"Sanyo Electric Co. announced today its accounting practices are being investigated by the Securities and Exchange Surveillance Committee, sending shares down a whopping 21% in Tokyo trading. Wall Street Journal says the news has serious implications for Goldman Sachs, which helped bail Sanyo out of its difficulties last year by purchasing more than a billion dollars worth of preferred shares....The charges, reported in the Asahi Shimbun this morning, state the company misrepresented its F2004 losses by as much as $1.1 billion.....Fukoku Capital Management analyst Tomokatsu Mori: "The company lacks management competence."
So it's not just US companies that are cooking their books..who would have thought? I'll bet the people from Goldman's due diligence team on that preferred stock purchase choked on their Wheaties this morning. Certainly the audit opinions that were rendered for the periods in question weren't worth the paper they were printed on.According to a Bloomberg story on this subject "Goldman, the world's most profitable securities firm, Daiwa and Sumitomo Mitsui invested 300 billion yen ($2.5 billion) in Sanyo in January 2006 in return for management control. New York-based Goldman and Daiwa SMBC, each bought 125 billion yen of preferred stock that can be converted into a 24.5 percent stake in the company and sold to outside investors without Sanyo's consent starting March 14."
So Goldman was about to be able to start dumping shares in Sanyo...there is certain to be quite a tale behind the timing of this disclosure.

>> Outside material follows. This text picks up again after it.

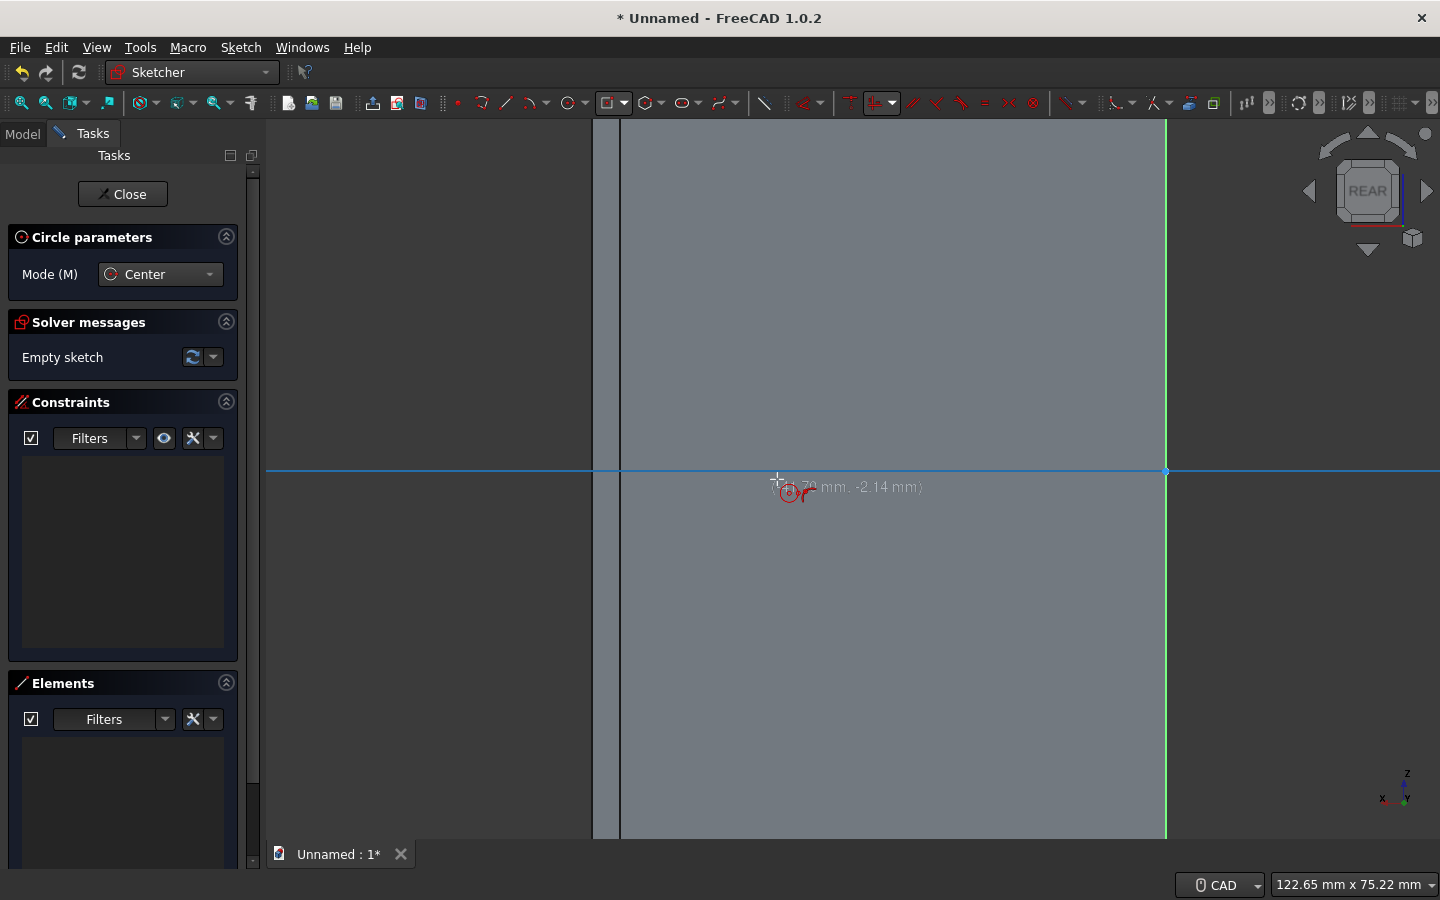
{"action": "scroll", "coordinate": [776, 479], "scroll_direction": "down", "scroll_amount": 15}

An interesting related fact included in the Bloomberg story is that "the company is seeking buyers for its chipmaking unit in a transaction that may raise more than 100 billion yen($826 million..my addition), two people familiar with the plan said on Feb. 2. The company was forced to stop operations at its chip factory in Niigata, central Japan, after an October 2004 earthquake. Operating losses in the chip unit mounted to 17.7 billion yen in the year to March 2005 and 35.1 billion yen the following year...." I haven't noticed before specific indications of economic loss to a company attributable to an earthquake.